● **Exercise requirements**
For the material below, return exactly the lines starting at the line containing "Numbers: x, y, z, sx, sy, sz, roll, pitch, yaw." and ending at the line containing "An invented example", both ends included, and no others.

● **Records for processing**
.....

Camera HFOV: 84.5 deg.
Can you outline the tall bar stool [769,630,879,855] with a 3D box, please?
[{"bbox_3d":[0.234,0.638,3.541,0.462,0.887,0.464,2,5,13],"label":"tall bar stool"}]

.....

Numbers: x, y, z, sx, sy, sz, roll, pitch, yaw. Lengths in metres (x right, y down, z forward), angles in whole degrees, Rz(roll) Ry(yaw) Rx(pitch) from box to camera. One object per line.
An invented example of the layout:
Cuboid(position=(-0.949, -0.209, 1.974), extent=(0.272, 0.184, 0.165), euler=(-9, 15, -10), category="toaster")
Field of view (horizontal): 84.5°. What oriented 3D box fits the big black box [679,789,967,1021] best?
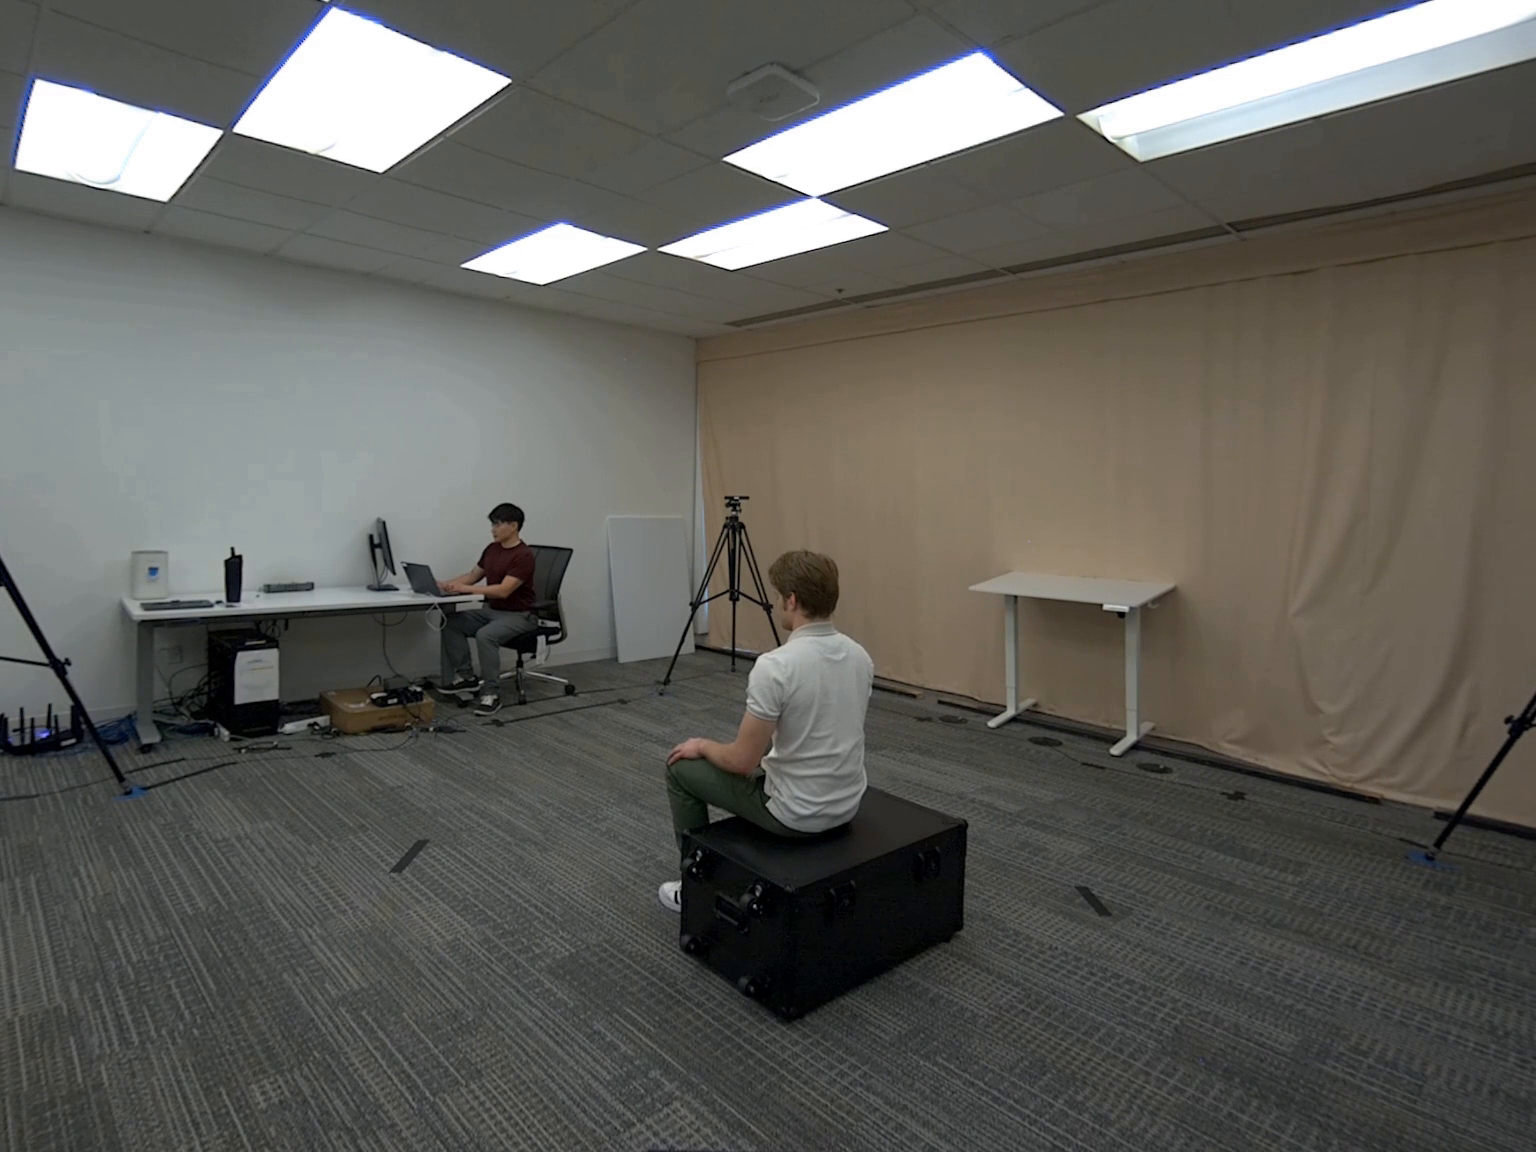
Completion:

.....

● **Solution for this exercise**
Numbers: x, y, z, sx, sy, sz, roll, pitch, yaw. Lengths in metres (x right, y down, z forward), angles in whole degrees, Rz(roll) Ry(yaw) Rx(pitch) from box to camera. One object per line.
An invented example of the layout:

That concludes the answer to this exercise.